신경망을 이용한 방법은 입력된 영상의 영역을 나누어 신경망의 입력으로 하고 이로부터 신경망을 이용하여 문자를 인식하는 방법이다. 따라서, 이러한 신경망을 이용한 방법은 입력 영역의 선정이 매우 중요하며, 이에 따라서 성능이 크게 좌우되므로 문자가 차지하는 영역의 선정 방법에 대한 많은 연구가 요구된다.The method using the neural network divides the area of the input image into the input of the neural network and recognizes the character using the neural network.

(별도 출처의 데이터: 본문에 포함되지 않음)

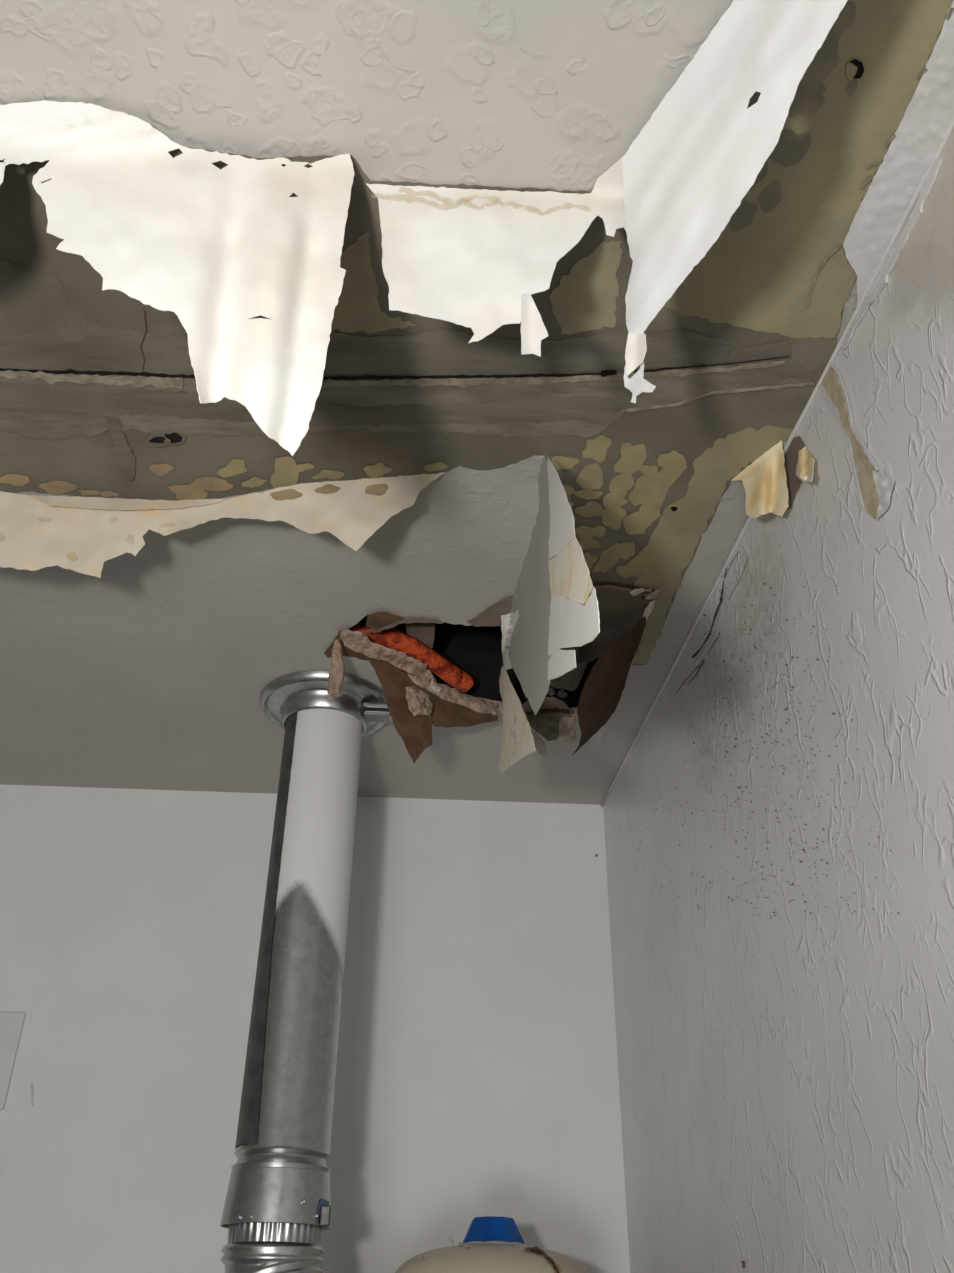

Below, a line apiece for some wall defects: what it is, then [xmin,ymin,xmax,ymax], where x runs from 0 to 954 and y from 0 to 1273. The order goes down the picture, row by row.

peeling [0,0,954,665]
spalling [426,622,528,706]
spalling [545,657,599,708]
damp [690,571,864,919]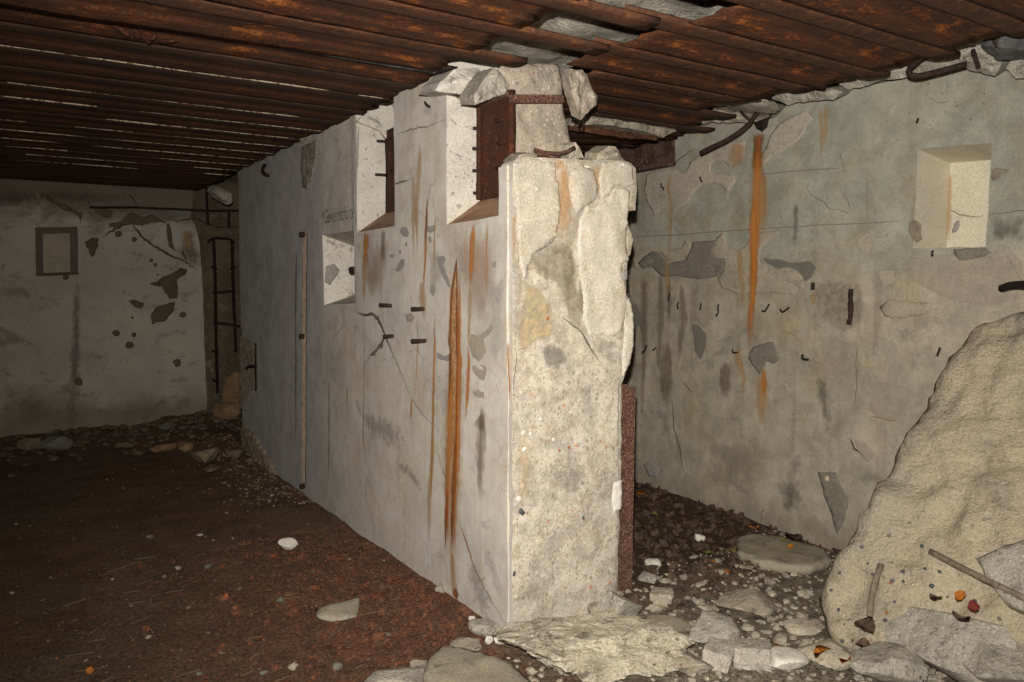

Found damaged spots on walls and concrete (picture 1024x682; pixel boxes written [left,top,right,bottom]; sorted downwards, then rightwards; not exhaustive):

crack [102,194,197,270]
spalling [44,187,257,410]
crack [330,310,429,421]
corrosion [444,261,470,546]
corrosion [470,228,487,278]
peeling [512,110,862,376]
corrosion [739,135,764,336]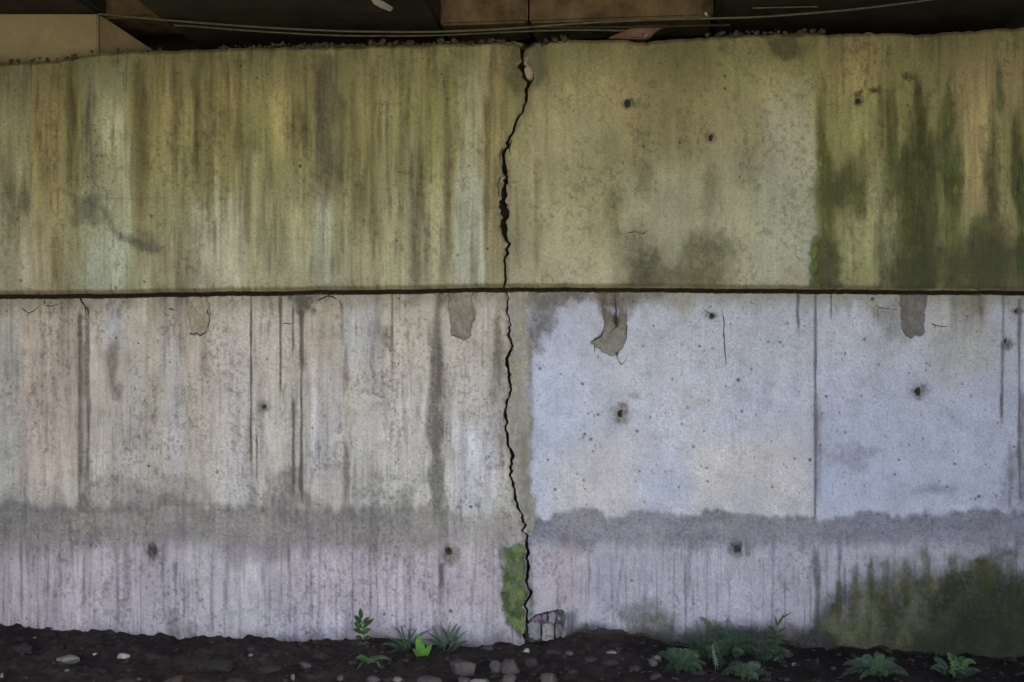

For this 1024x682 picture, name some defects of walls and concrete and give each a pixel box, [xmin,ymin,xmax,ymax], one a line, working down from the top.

peeling [187,297,211,336]
peeling [442,292,476,340]
crack [497,43,534,643]
peeling [591,292,627,365]
peeling [900,294,928,339]
damp [494,292,624,541]
damp [665,294,1024,543]
damp [571,624,612,635]
damp [626,557,831,650]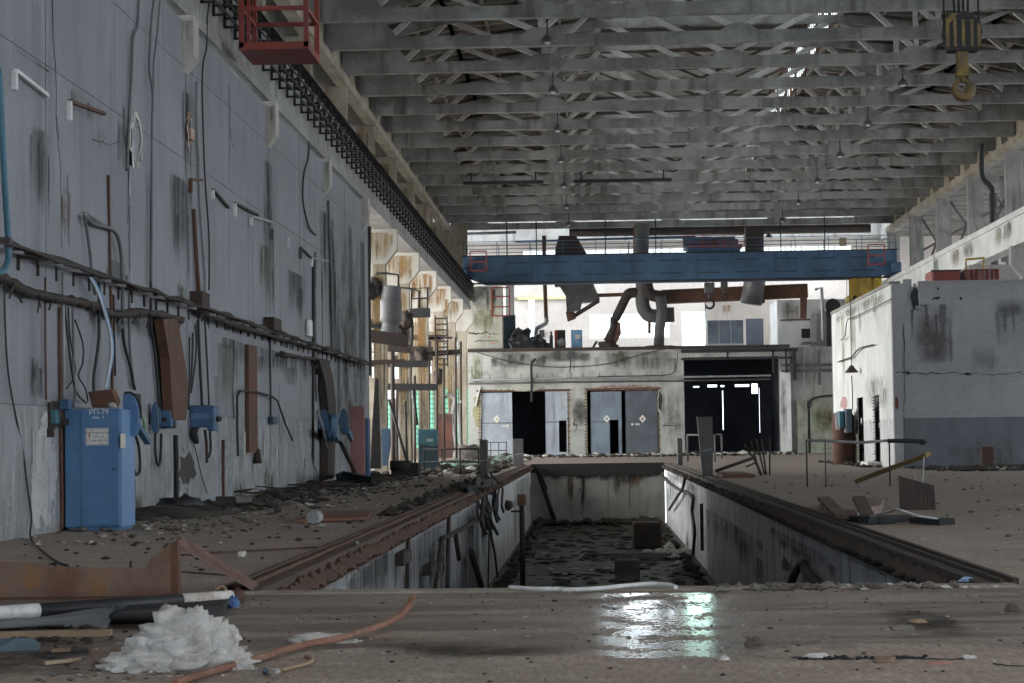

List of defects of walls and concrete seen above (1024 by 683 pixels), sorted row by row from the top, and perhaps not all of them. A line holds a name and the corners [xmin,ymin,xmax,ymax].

damp [174,176,189,274]
rust [371,233,455,371]
rust [402,318,438,401]
damp [911,305,951,359]
crack [895,298,1024,460]
spalling [179,446,198,491]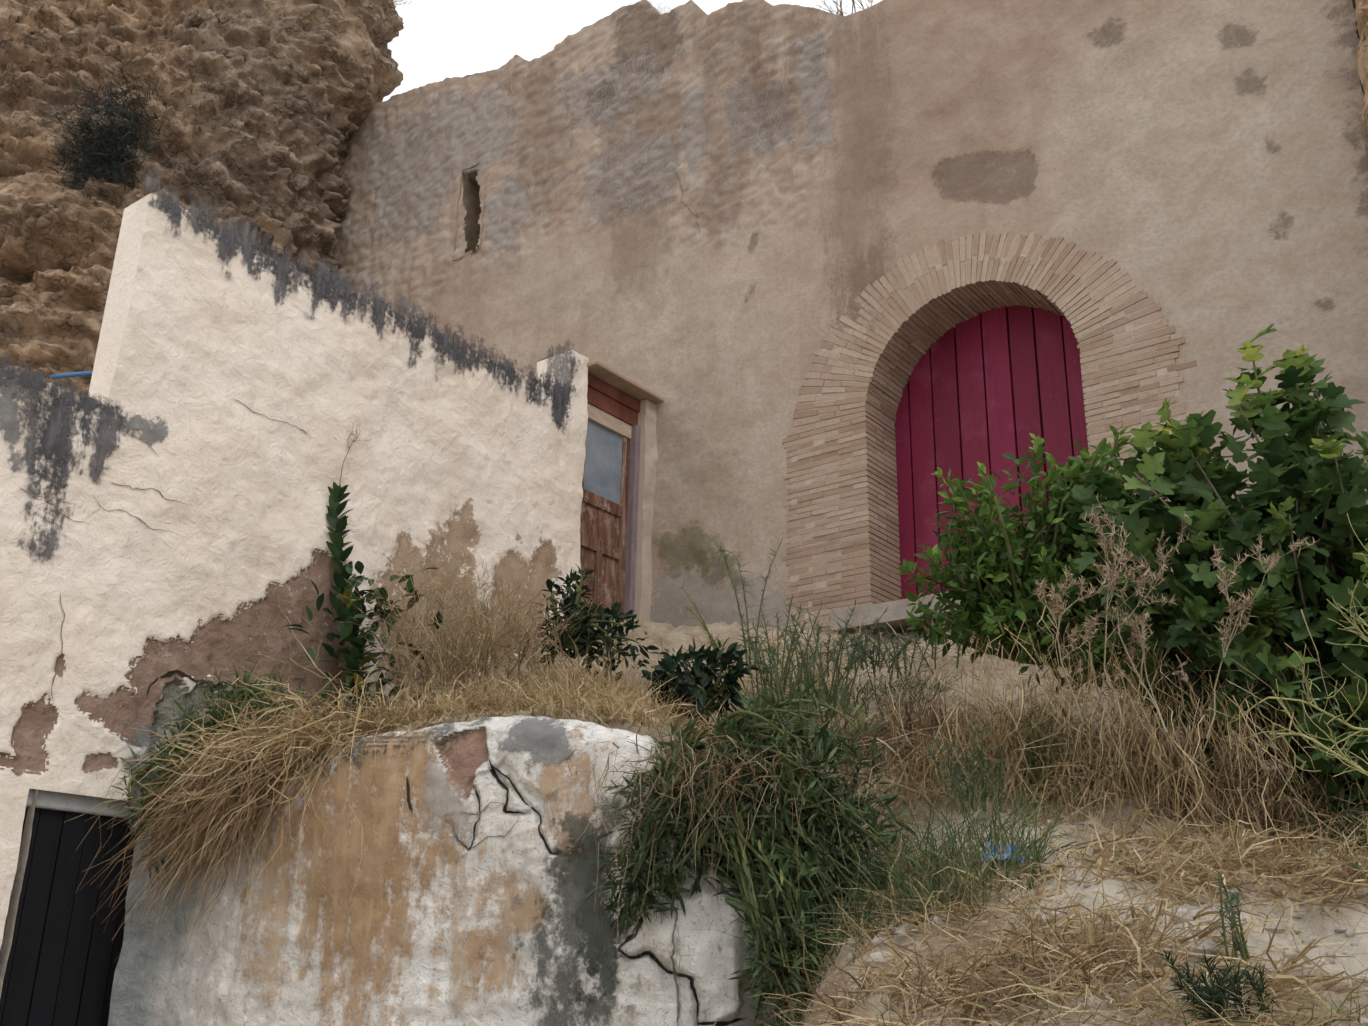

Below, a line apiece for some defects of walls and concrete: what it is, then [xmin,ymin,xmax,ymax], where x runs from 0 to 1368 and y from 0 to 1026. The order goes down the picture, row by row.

crack [1352,0,1360,39]
leakage [143,173,580,430]
leakage [0,354,168,562]
spalling [54,653,66,677]
spalling [75,498,562,811]
spalling [0,693,59,775]
crack [406,760,574,854]
crack [618,907,745,1026]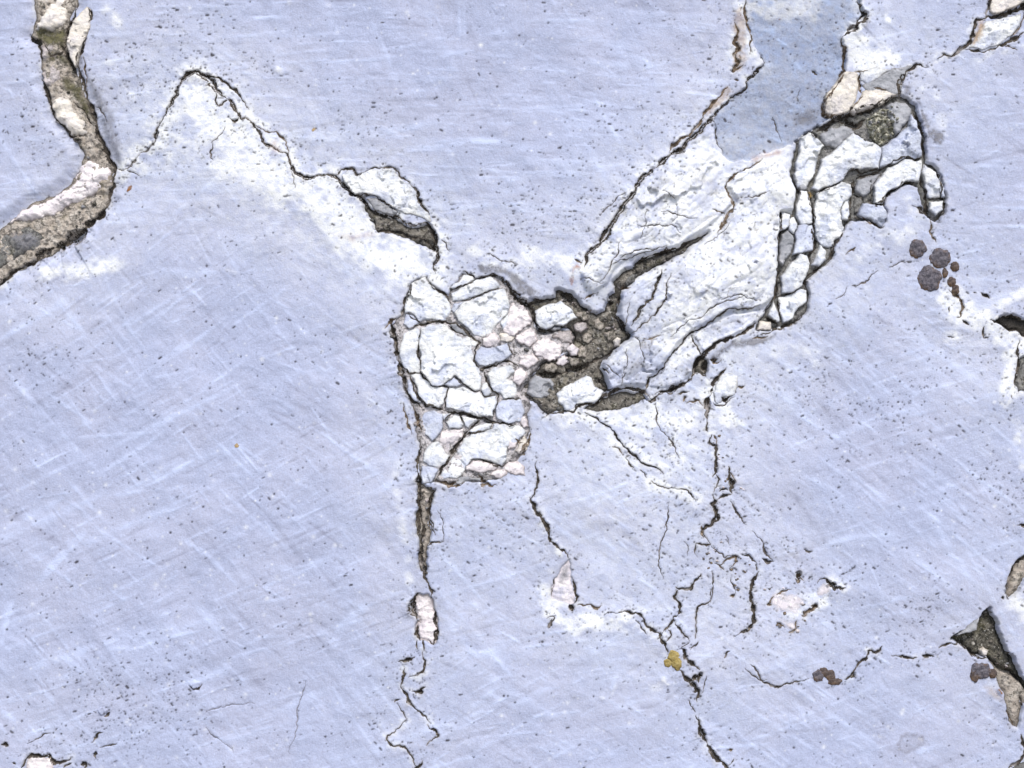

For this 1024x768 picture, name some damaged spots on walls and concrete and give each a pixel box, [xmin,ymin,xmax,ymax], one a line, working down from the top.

peeling [969,0,1024,50]
spalling [0,0,117,286]
crack [119,70,451,303]
spalling [714,0,945,331]
crack [465,253,555,330]
spalling [389,233,707,488]
spalling [991,314,1024,337]
crack [386,640,439,768]
crack [403,403,444,598]
crack [530,369,774,768]
crack [844,642,951,680]
spalling [951,608,1024,727]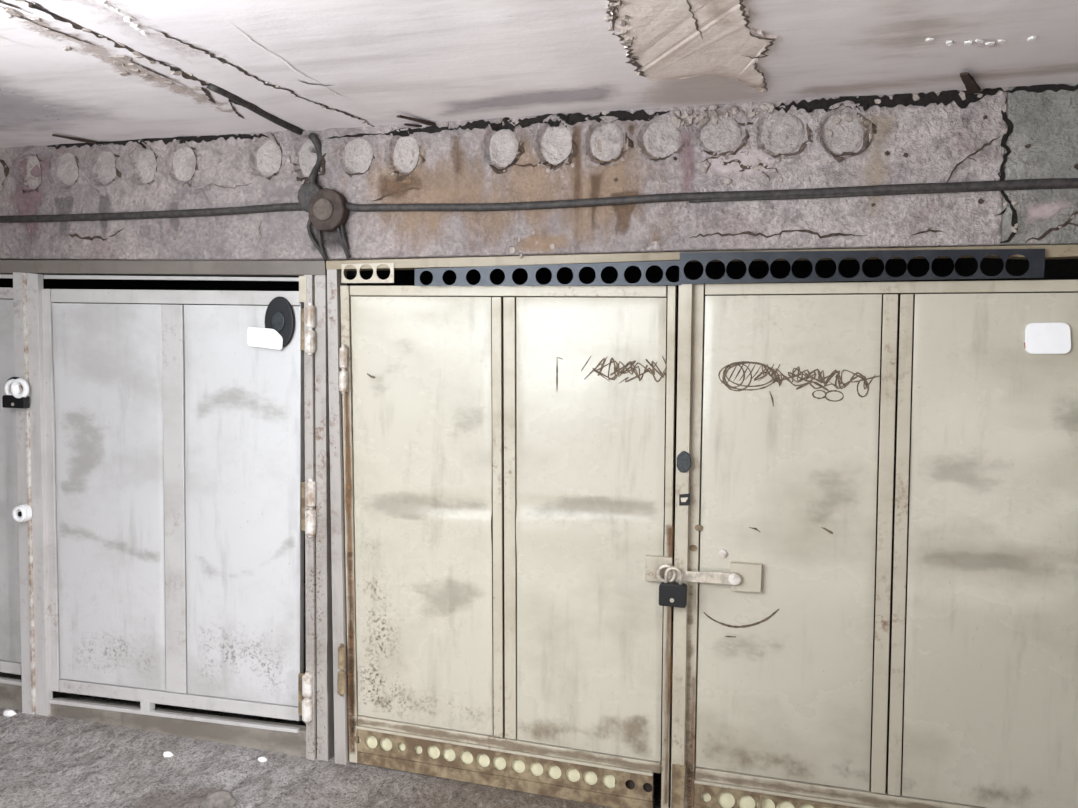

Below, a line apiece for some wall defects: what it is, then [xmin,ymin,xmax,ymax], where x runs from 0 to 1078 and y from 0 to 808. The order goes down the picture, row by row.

crack [0,0,670,149]
flaking render [604,0,777,128]
crack [501,161,575,169]
crack [700,122,783,183]
flaking render [699,143,785,185]
crack [775,84,1078,244]
crack [195,183,251,191]
crack [373,187,421,201]
flaking render [1029,203,1066,218]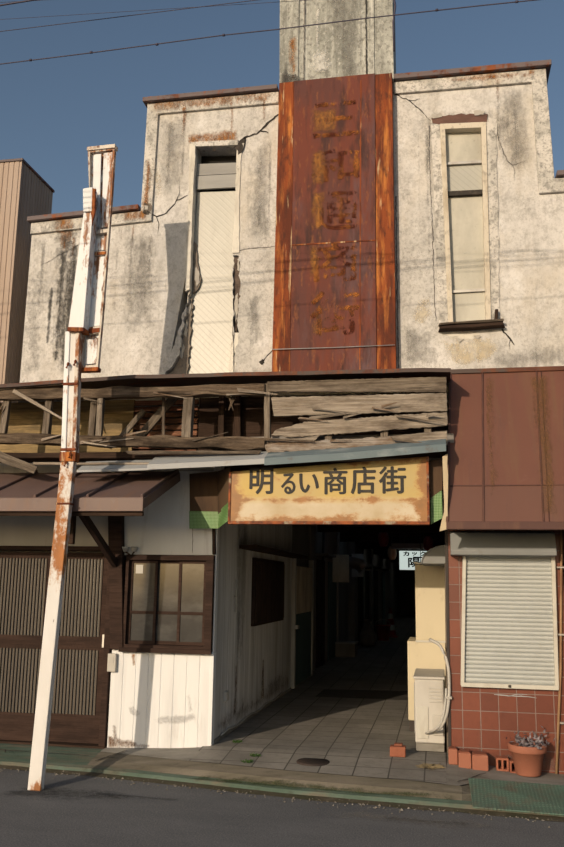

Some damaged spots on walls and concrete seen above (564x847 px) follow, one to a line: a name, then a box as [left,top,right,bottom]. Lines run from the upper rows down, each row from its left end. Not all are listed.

rust [189,131,235,142]
crack [232,114,278,154]
crack [147,186,188,230]
water stain [46,230,77,365]
flaking render [169,242,202,374]
flaking render [233,257,241,333]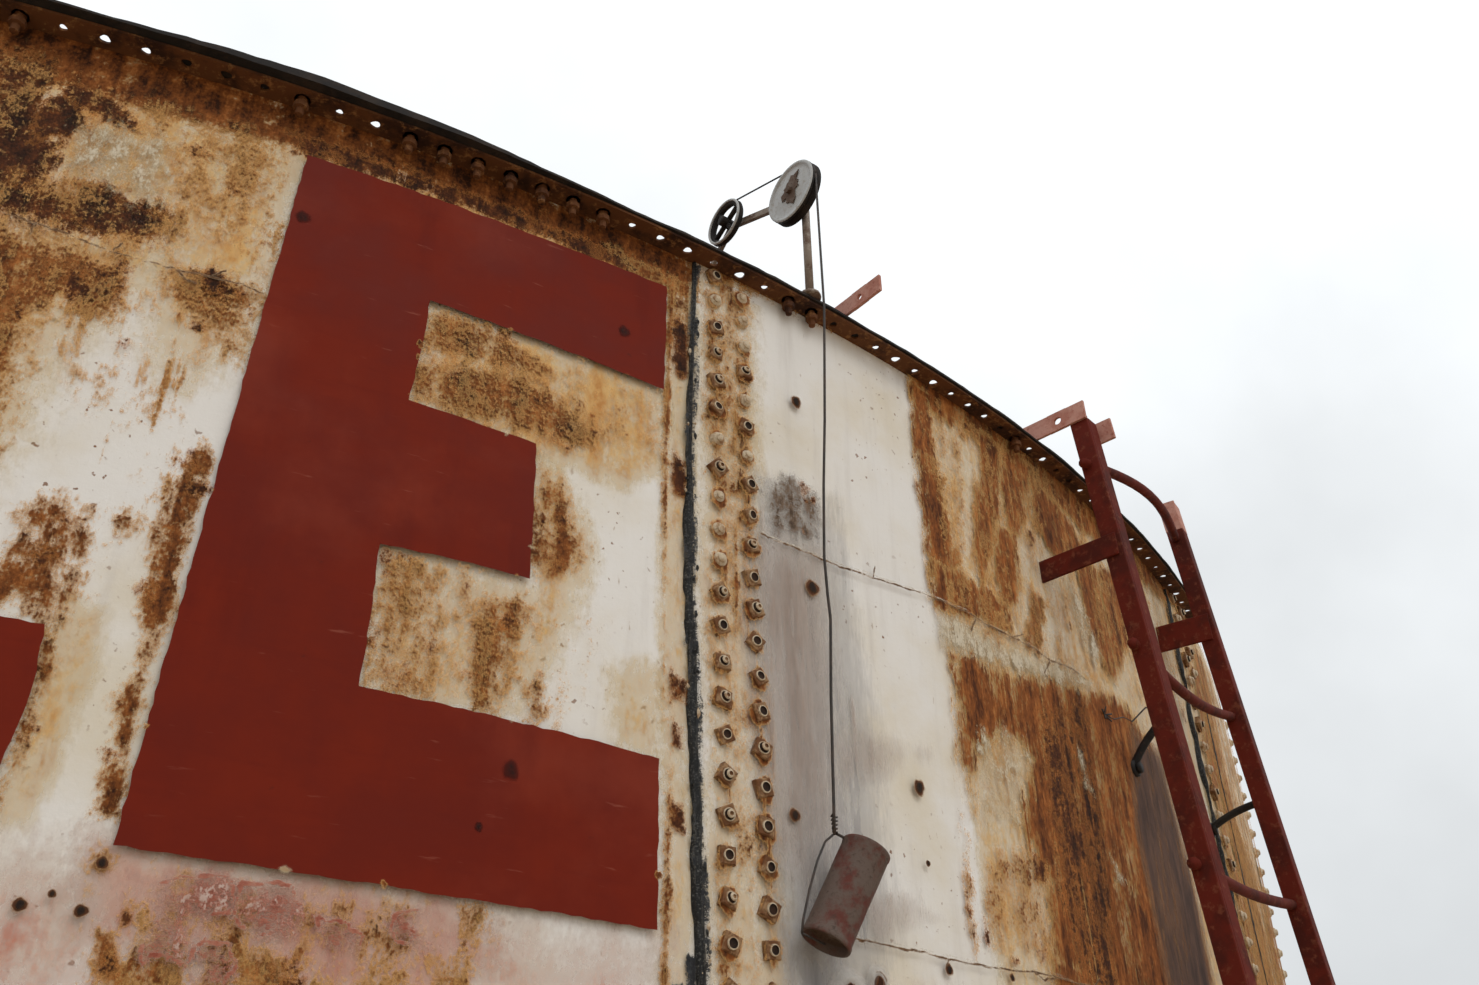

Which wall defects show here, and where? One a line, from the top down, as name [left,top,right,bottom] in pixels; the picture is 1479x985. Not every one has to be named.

Therefore, the method using the neural network is very important to select the input area. Therefore, since the performance is greatly influenced by the selection of the input area, a lot of studies on the method of selecting the area occupied by the characters are required.

한국등록특허공보 제10-1931804호(2018.12.17)Korean Patent Registration No. 10-1931804 (Dec. 17, 2018)

이에 본 발명의 기술적 과제는 이러한 점에서 착안된 것으로, 본 발명의 목적은 앵커박스 및 인공 신경망을 이용하여 영상 이미지로부터 정확하게 문자를 인식할 수 있는 앵커박스 및 CNN 특징 맵을 이용한 차량 번호 인식 장치를 제공하는 것이다.SUMMARY OF THE INVENTION Accordingly, the present invention has been made keeping in mind the above problems occurring in the prior art, and it is an object of the present invention to provide a vehicle number recognition apparatus using an anchor box and a CNN feature map capable of accurately recognizing characters from an image using an anchor box and an artificial neural network .

또한 본 발명의 다른 목적은 앵커박스 및 인공 신경망을 이용하여 보다 정확히 차량번호를 인식할 수 있는 앵커박스 및 CNN 특징 맵을 이용한 차량 번호 인식 방법을 제공하는 것이다.Another object of the present invention is to provide a vehicle number recognition method using an anchor box and a CNN feature map that can more accurately recognize a vehicle number using an anchor box and an artificial neural network.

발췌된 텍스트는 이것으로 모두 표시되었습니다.